— Your goal —
Copy all lines holding the word "Details" from the entries.

— Extracted information —
────────────────────────────────────────
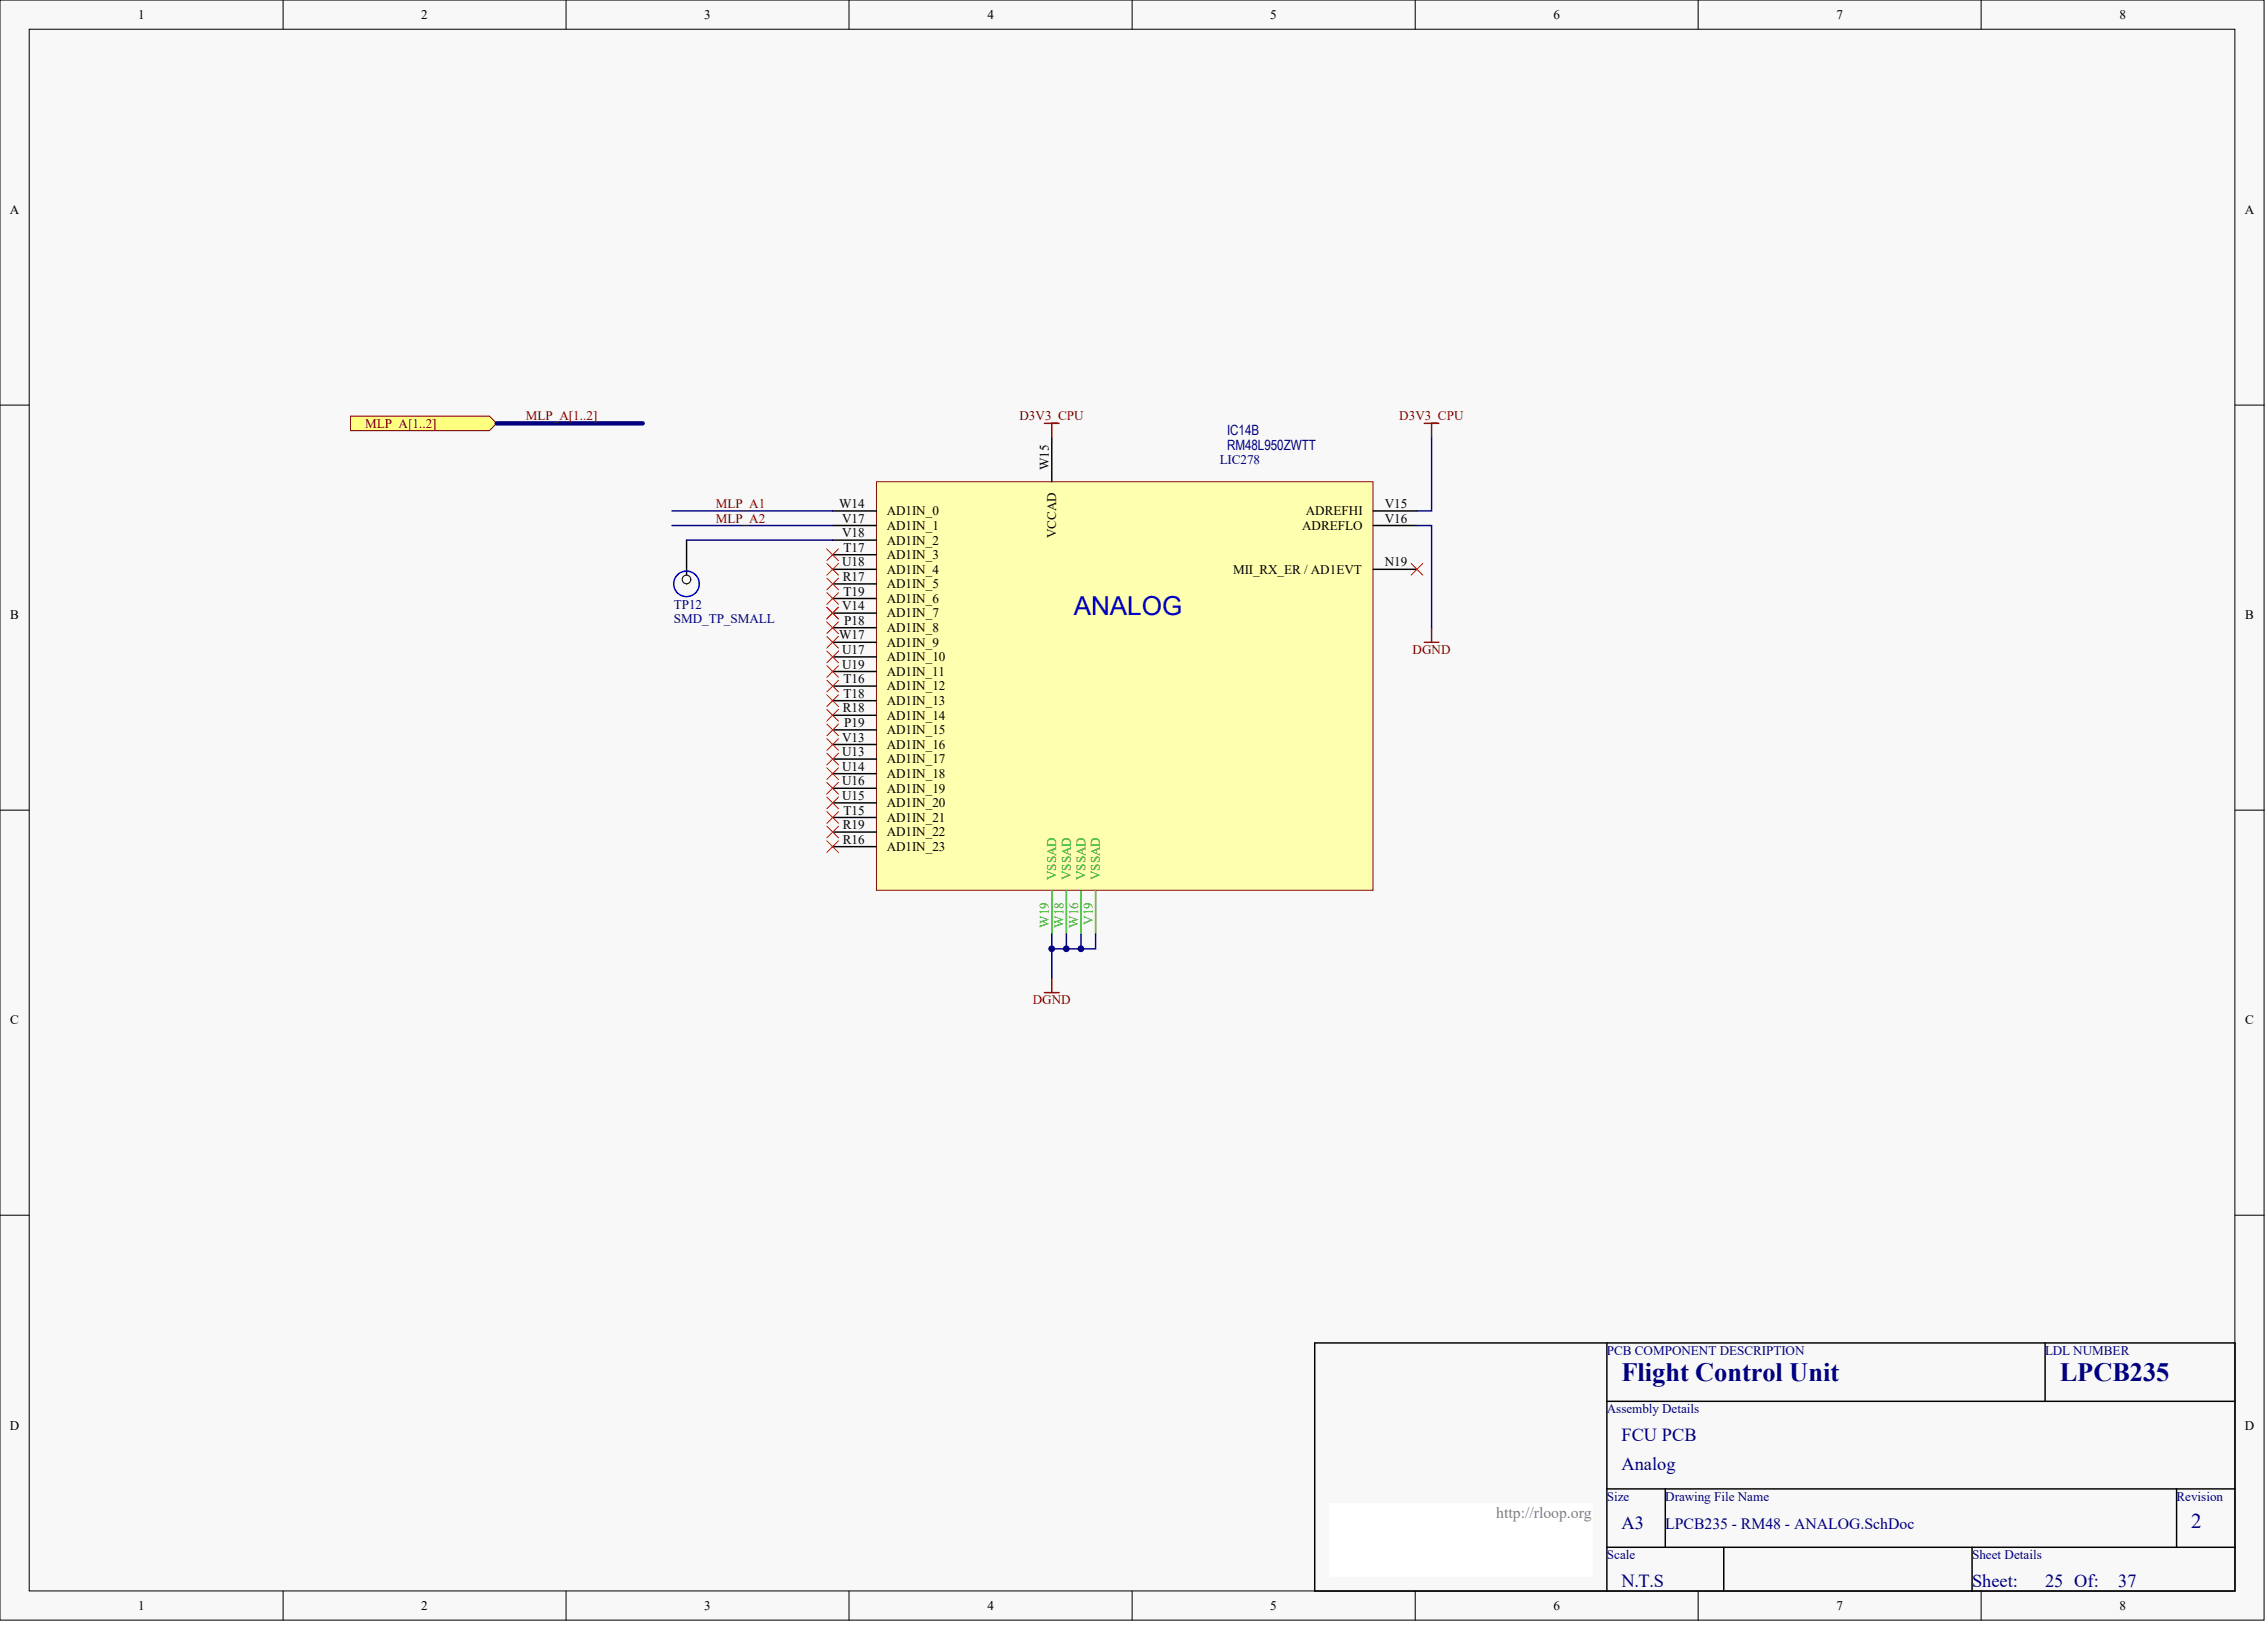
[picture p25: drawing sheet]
<svg xmlns="http://www.w3.org/2000/svg" width="328mm" height="236mm" viewBox="0 0 328 236" stroke-linecap="round" stroke-linejoin="round" font-family="sans-serif">
<defs><g id="words">
<text font-size="3.8" fill="#0000bf" x="155.6" y="89.1">ANALOG</text>
<g font-size="3.8" fill="#000080">
<text x="234.9" y="200">Flight Control Unit</text>
<text x="298.4" y="200">LPCB235</text>
</g>
<text font-size="3" fill="#000080" x="317.5" y="221.3">2</text>
<g font-size="2.7" fill="#000080">
<text x="234.9" y="208.7">FCU PCB</text>
<text x="234.9" y="213">Analog</text>
<text x="234.9" y="221.4">A3</text>
<text x="234.9" y="229.9">N.T.S</text>
<text x="285.7" y="229.9">Sheet:</text>
<text x="296.3" y="229.9">25 Of:</text>
<text x="306.9" y="229.9">37</text>
</g>
<text font-size="2.3" fill="#808080" x="216.8" y="219.8">http://rloop.org</text>
<text font-size="2.3" fill="#000080" x="241.3" y="221.5">LPCB235 - RM48 - ANALOG.SchDoc</text>
<g font-size="2.1" fill="#000080">
<text x="177.8" y="63">IC14B</text>
<text x="177.8" y="65.1">RM48L950ZWTT</text>
</g>
<g font-size="1.9">
<text x="20" y="2.8">1</text>
<text x="61" y="2.8">2</text>
<text x="102" y="2.8">3</text>
<text x="143" y="2.8">4</text>
<text x="184" y="2.8">5</text>
<text x="225.1" y="2.8">6</text>
<text x="266" y="2.8">7</text>
<text x="307.1" y="2.8">8</text>
<text x="1.4" y="31">A</text>
<text x="325.2" y="31">A</text>
<text x="152" y="68.1" transform="rotate(-90 152 68.1)">W15</text>
<text x="121.6" y="73.6">W14</text>
<text x="122" y="75.7">V17</text>
<text x="122" y="77.8">V18</text>
<text x="128.5" y="76.8">AD1IN_1</text>
<text x="128.5" y="74.6">AD1IN_0</text>
<text x="153" y="77.9" transform="rotate(-90 153 77.9)">VCCAD</text>
<text x="188.7" y="76.8">ADREFLO</text>
<text x="189.2" y="74.6">ADREFHI</text>
<text x="200.6" y="73.6">V15</text>
<text x="200.6" y="75.7">V16</text>
<text x="122" y="82">U18</text>
<text x="122.2" y="79.9">T17</text>
<text x="128.5" y="81">AD1IN_3</text>
<text x="128.5" y="83.1">AD1IN_4</text>
<text x="128.5" y="78.9">AD1IN_2</text>
<text x="178.7" y="83.1">MII_RX_ER / AD1EVT</text>
<text x="200.6" y="82">N19</text>
<text x="1.5" y="89.7">B</text>
<text x="122" y="88.4">V14</text>
<text x="122.1" y="84.2">R17</text>
<text x="122.2" y="86.3">T19</text>
<text x="128.5" y="85.2">AD1IN_5</text>
<text x="128.5" y="87.3">AD1IN_6</text>
<text x="128.5" y="89.4">AD1IN_7</text>
<text x="325.3" y="89.7">B</text>
<text x="121.6" y="92.6">W17</text>
<text x="122" y="94.7">U17</text>
<text x="122.3" y="90.5">P18</text>
<text x="128.5" y="91.6">AD1IN_8</text>
<text x="128.5" y="95.8">AD1IN_10</text>
<text x="128.5" y="93.7">AD1IN_9</text>
<text x="122" y="96.8">U19</text>
<text x="122.2" y="99">T16</text>
<text x="122.2" y="101.1">T18</text>
<text x="128.5" y="100">AD1IN_12</text>
<text x="128.5" y="97.9">AD1IN_11</text>
<text x="122" y="107.4">V13</text>
<text x="122.1" y="103.2">R18</text>
<text x="122.3" y="105.3">P19</text>
<text x="128.5" y="104.2">AD1IN_14</text>
<text x="128.5" y="102.1">AD1IN_13</text>
<text x="128.5" y="106.4">AD1IN_15</text>
<text x="122" y="109.5">U13</text>
<text x="122" y="111.6">U14</text>
<text x="122" y="113.8">U16</text>
<text x="128.5" y="110.6">AD1IN_17</text>
<text x="128.5" y="112.7">AD1IN_18</text>
<text x="128.5" y="108.5">AD1IN_16</text>
<text x="122" y="115.9">U15</text>
<text x="122.2" y="118">T15</text>
<text x="128.5" y="119">AD1IN_21</text>
<text x="128.5" y="116.9">AD1IN_20</text>
<text x="128.5" y="114.8">AD1IN_19</text>
<text x="122.1" y="122.2">R16</text>
<text x="122.1" y="120.1">R19</text>
<text x="128.5" y="123.3">AD1IN_23</text>
<text x="128.5" y="121.2">AD1IN_22</text>
<text x="1.5" y="148.4">C</text>
<text x="325.3" y="148.4">C</text>
<text x="1.4" y="207">D</text>
<text x="325.2" y="207">D</text>
<text x="20" y="233.2">1</text>
<text x="61" y="233.2">2</text>
<text x="102" y="233.2">3</text>
<text x="143" y="233.2">4</text>
<text x="184" y="233.2">5</text>
<text x="225.1" y="233.2">6</text>
<text x="266" y="233.2">7</text>
<text x="307.1" y="233.2">8</text>
</g>
<g font-size="1.9" fill="#800000">
<text x="52.9" y="62">MLP_A[1..2]</text>
<text x="76.2" y="60.9">MLP_A[1..2]</text>
<text x="147.7" y="60.9">D3V3_CPU</text>
<text x="202.7" y="60.9">D3V3_CPU</text>
<text x="103.7" y="73.6">MLP_A1</text>
<text x="103.7" y="75.7">MLP_A2</text>
<text x="204.7" y="94.7">DGND</text>
<text x="149.6" y="145.5">DGND</text>
</g>
<g font-size="1.9" fill="#000080">
<text x="176.7" y="67.2">LIC278</text>
<text x="97.6" y="88.1">TP12</text>
<text x="97.6" y="90.3">SMD_TP_SMALL</text>
<text x="232.8" y="196.2">PCB COMPONENT DESCRIPTION</text>
<text x="296.3" y="196.2">LDL NUMBER</text>
<text x="232.8" y="204.7">Assembly Details</text>
<text x="232.8" y="217.3">Size</text>
<text x="241.3" y="217.3">Drawing File Name</text>
<text x="315.3" y="217.3">Revision</text>
<text x="232.8" y="225.8">Scale</text>
<text x="285.7" y="225.8">Sheet Details</text>
</g>
<g font-size="1.9" fill="#00bf00">
<text x="153" y="127.5" transform="rotate(-90 153 127.5)">VSSAD</text>
<text x="155.1" y="127.5" transform="rotate(-90 155.1 127.5)">VSSAD</text>
<text x="157.2" y="127.5" transform="rotate(-90 157.2 127.5)">VSSAD</text>
<text x="159.4" y="127.5" transform="rotate(-90 159.4 127.5)">VSSAD</text>
<text x="152" y="134.4" transform="rotate(-90 152 134.4)">W19</text>
<text x="154.1" y="134.4" transform="rotate(-90 154.1 134.4)">W18</text>
<text x="156.2" y="134.4" transform="rotate(-90 156.2 134.4)">W16</text>
<text x="158.3" y="134" transform="rotate(-90 158.3 134)">V19</text>
</g>
</g></defs>
<g fill="#f8f8f8" stroke="#000" stroke-width=".14">
<path d="M0 0h328v234.7h-328z"/>
<path d="M4.2 4.2h319.6v226.2h-319.6z"/>
</g>
<g fill="none" stroke="#000" stroke-width=".14">
<path d="M41 0v4.2M82 0v4.2M123 0v4.2M164 0v4.2M205 0v4.2M246 0v4.2M287 0v4.2M0 58.7h4.2M323.8 58.7h4.2M0 117.3h4.2M323.8 117.3h4.2M0 176h4.2"/>
<path d="M323.8 176h4.2M41 230.5v4.2M82 230.5v4.2M123 230.5v4.2M164 230.5v4.2M205 230.5v4.2M246 230.5v4.2M287 230.5v4.2"/>
</g>
<path d="M190.5 194.5h133.3v36h-133.3zM232.8 194.5v36M296.3 194.5v8.5M232.8 203h91M232.8 215.7h91M241.3 215.7v8.4M315.3 215.7v8.4M232.8 224.1h91M249.7 224.1v6.4M285.7 224.1v6.4" fill="none" stroke="#000" stroke-width=".21"/>
<path d="M192.6 217.8h38.1v10.5h-38.1z" fill="#fff" stroke="#fff" stroke-width=".14"/>
<path d="M127 69.8h71.9v59.2h-71.9z" fill="#ffffb0" stroke="#800000" stroke-width=".14"/>
<g fill="none" stroke="#000" stroke-width=".21">
<path d="M120.6 74h6.4M120.6 76.1h6.4M120.6 78.2h6.4M152.4 63.4v6.4M198.9 74h6.4M198.9 76.1h6.4M120.6 84.6h6.4M120.6 99.4h6.4M120.6 80.3h6.4M120.6 86.7h6.4M120.6 90.9h6.4M120.6 95.1h6.4"/>
<path d="M120.6 82.5h6.4M120.6 97.3h6.4M120.6 88.8h6.4M120.6 93h6.4M198.9 82.5h6.4M120.6 103.6h6.4M120.6 118.4h6.4M120.6 101.5h6.4M120.6 105.7h6.4M120.6 109.9h6.4M120.6 112.1h6.4M120.6 116.3h6.4"/>
<path d="M120.6 114.2h6.4M120.6 107.8h6.4M120.6 122.6h6.4M120.6 120.5h6.4"/>
</g>
<path d="M152.4 129v6.3M154.5 129v6.3M156.6 129v6.3M158.7 129v6.3" fill="none" stroke="#00bf00" stroke-width=".21"/>
<path d="M151.3 61.3h2.1M152.4 61.3v2.1M206.3 61.3h2.2M207.4 61.3v2.1M206.3 93h2.2M207.4 90.9v2.1M151.3 143.8h2.1M152.4 141.7v2.1" fill="none" stroke="#800000" stroke-width=".21"/>
<path d="M205.3 76.1h2.1v14.8M207.4 63.4v10.6h-2.1M152.4 135.3v6.4M154.5 135.3v2.1M156.6 135.3v2.1M158.7 135.3v2.1h-6.3" fill="none" stroke="#000080" stroke-width=".21"/>
<g fill="#000080" stroke="#000080" stroke-width=".14">
<circle cx="152.4" cy="137.4" r=".41"/>
<circle cx="154.5" cy="137.4" r=".41"/>
<circle cx="156.6" cy="137.4" r=".41"/>
</g>
<g fill="none" stroke="#f00" stroke-width=".14">
<path d="M119.8 88l1.7 1.6M119.8 90.1l1.7 1.7M119.8 92.2l1.7 1.7M119.8 94.3l1.7 1.7M119.8 96.4l1.7 1.7M119.8 98.5l1.7 1.7M121.5 88l-1.7 1.6M121.5 90.1l-1.7 1.7M121.5 92.2l-1.7 1.7M121.5 94.3l-1.7 1.7M121.5 96.4l-1.7 1.7M121.5 98.5l-1.7 1.7"/>
<path d="M204.4 81.6l1.7 1.7M206.1 81.6l-1.7 1.7M119.8 100.6l1.7 1.7M119.8 102.8l1.7 1.6M119.8 104.9l1.7 1.7M119.8 107l1.7 1.7M119.8 109.1l1.7 1.7M119.8 111.2l1.7 1.7M119.8 113.3l1.7 1.7M119.8 115.4l1.7 1.7M119.8 117.6l1.7 1.6M119.8 119.7l1.7 1.7"/>
<path d="M121.5 100.6l-1.7 1.7M121.5 102.8l-1.7 1.6M121.5 104.9l-1.7 1.7M121.5 107l-1.7 1.7M121.5 109.1l-1.7 1.7M121.5 111.2l-1.7 1.7M121.5 113.3l-1.7 1.7M121.5 115.4l-1.7 1.7M121.5 117.6l-1.7 1.6M121.5 119.7l-1.7 1.7M119.8 121.8l1.7 1.7M121.5 121.8l-1.7 1.7"/>
</g>
<path d="M50.8 60.3h20.1l1.1 1-1.1 1.1h-20.1z" fill-rule="evenodd" fill="#ffff80" stroke="#800000" stroke-width=".14"/>
<path d="M97.4 76.1h23.2M97.4 74h23.2" fill="none" stroke="#000080" stroke-width=".21"/>
<path d="M72 61.3h21.1" fill="none" stroke="#000080" stroke-width=".63"/>
<path d="M119.8 79.5l1.7 1.7M121.5 79.5l-1.7 1.7M119.8 81.6l1.7 1.7M119.8 83.7l1.7 1.7M119.8 85.8l1.7 1.7M121.5 81.6l-1.7 1.7M121.5 83.7l-1.7 1.7M121.5 85.8l-1.7 1.7" fill="none" stroke="#f00" stroke-width=".14"/>
<path d="M99.5 78.2v6.4" fill="none" stroke="#000" stroke-width=".21"/>
<circle cx="99.5" cy="83.9" r=".62" fill="#f8f8f8" stroke="#000" stroke-width=".14"/>
<circle cx="99.5" cy="84.6" r="1.85" fill="none" stroke="#00f" stroke-width=".21"/>
<path d="M99.5 78.2h21.1" fill="none" stroke="#000080" stroke-width=".21"/>
<use href="#words"/>
</svg>
────────────────────────────────────────
— Answer below —
<text x="232.8" y="204.7">Assembly Details</text>
<text x="285.7" y="225.8">Sheet Details</text>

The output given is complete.